Technology is wonderful, but it has bred some little monsters. I'm one of them.

Comment Re:While 1 cargo ship belches out... (Score 2, Interesting) 223

"Shipping is responsible for 3.5% to 4% of all climate change emissions" from same article

It's not the carbon emissions that are the real problem with cargo ships, but the NO and SO pollution. As far as I can tell, these are not greenhouse gases so much as carcinogens. While, yes, they do need to be reduced, your post was very misleading in implying that the majority of air pollution and climate change comes from cargo ships.
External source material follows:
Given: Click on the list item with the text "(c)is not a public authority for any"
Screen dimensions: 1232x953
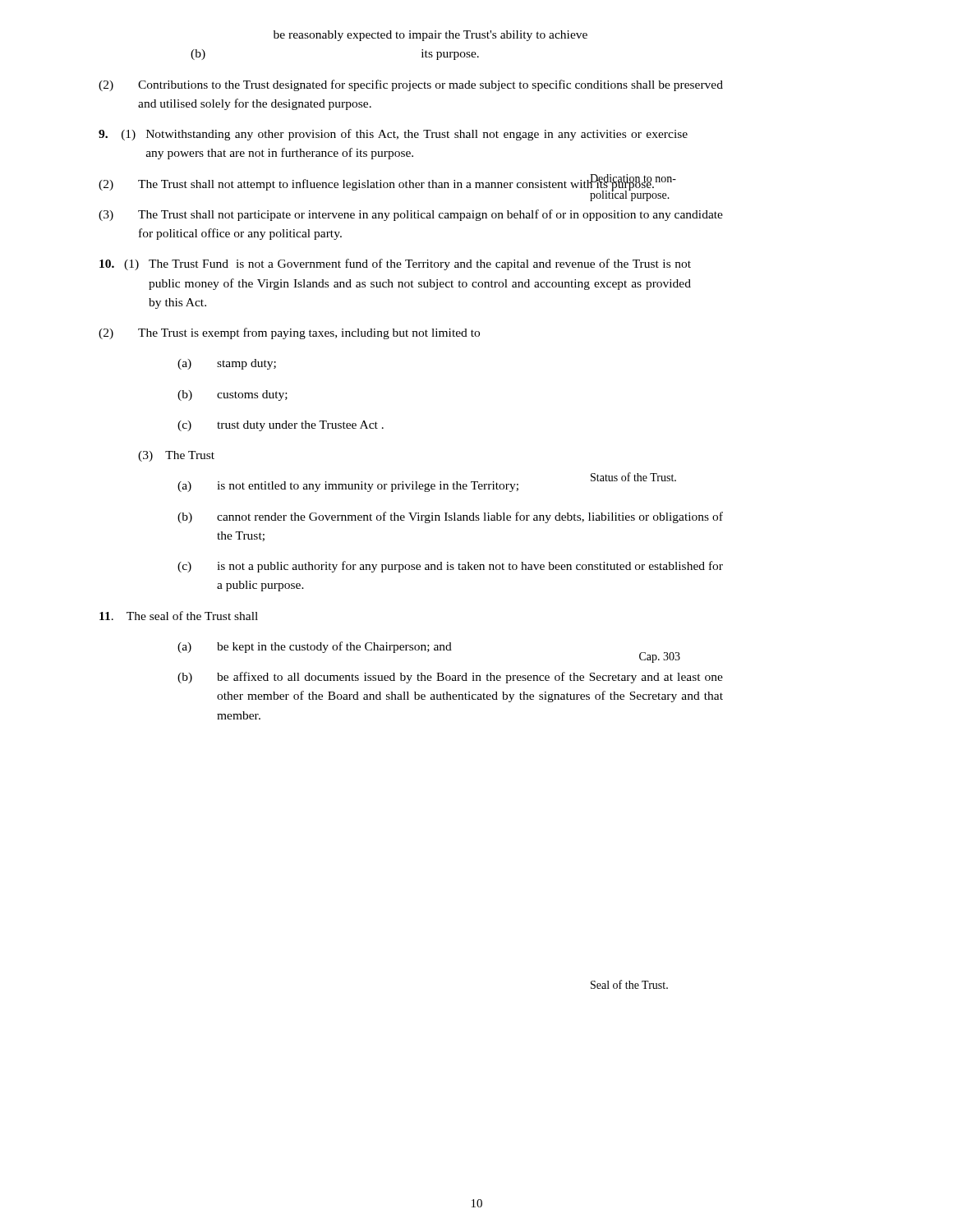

It doesn't.

Comment Re:No thanks (Score 1) 305

You say this like it's a good thing.

You say this like it's a bad thing.

Any online provider worth their salt still supports their aging games. Steam still hosts original Halflife, and all it's mods, though I think we can agree they're quited dated by now. Blizzard has kept Starcraft up, running, and even occasionally patched it. If the big players of the industry pick this idea up, there's a very small chance of any game that's any good 'losing support' in today's online, cheap-to-store-data world.

The worst thing that would happen would be the end of new patches for the content.

Comment Re:Aside from that... that isn't scientific litera (Score 1) 1038

You'd be surprised that this thought is actually far into the minority. The fact is, that while yes, you can't argue about the color of the sky, because that is observable currently, the 'religious scientists' will keep sticking with the point that 4000 BC is not observable currently, and has not been recorded in any true scientific manner. The basic fact that we've never seen macro-evolution actually occur allows the idea that God could have created the Earth 6000 years ago to still stand. Long jump, I realize. Even the basic idea of macro-evolution actually is defeated in scientific method, due to the fact that it can't be recreated, and has never been observed directly. On the other hand, you wouldn't even have to break the fundamental laws of physics to describe why things can be dated beyond 6000 years though if you include God's touch. Most of our aging processes come from dating things based of percent compositions of isotopes that we know the half-lives of. If you believe in a God with some forethought, which an all-knowing God would of course have, you could reasonably see him creating fossils that were already lacking in specific isotopes, knowing that man would discover the science of half-lives. Now as for why, well, I'll let a real theologian discuss that.

I personally, am anything BUT a Young Earth Creationist, but I do talk to a devote one, and this is the basis for his argument. And it frightens me when I see polls that say that people like him actually far outnumber people like me. From a online poll (linked below), 44% of Americans still believe in YEC. 38% believe in Old Earth Creationism (God-guided evolution basically). Only 14% of Americans believe in true atheistic evolution.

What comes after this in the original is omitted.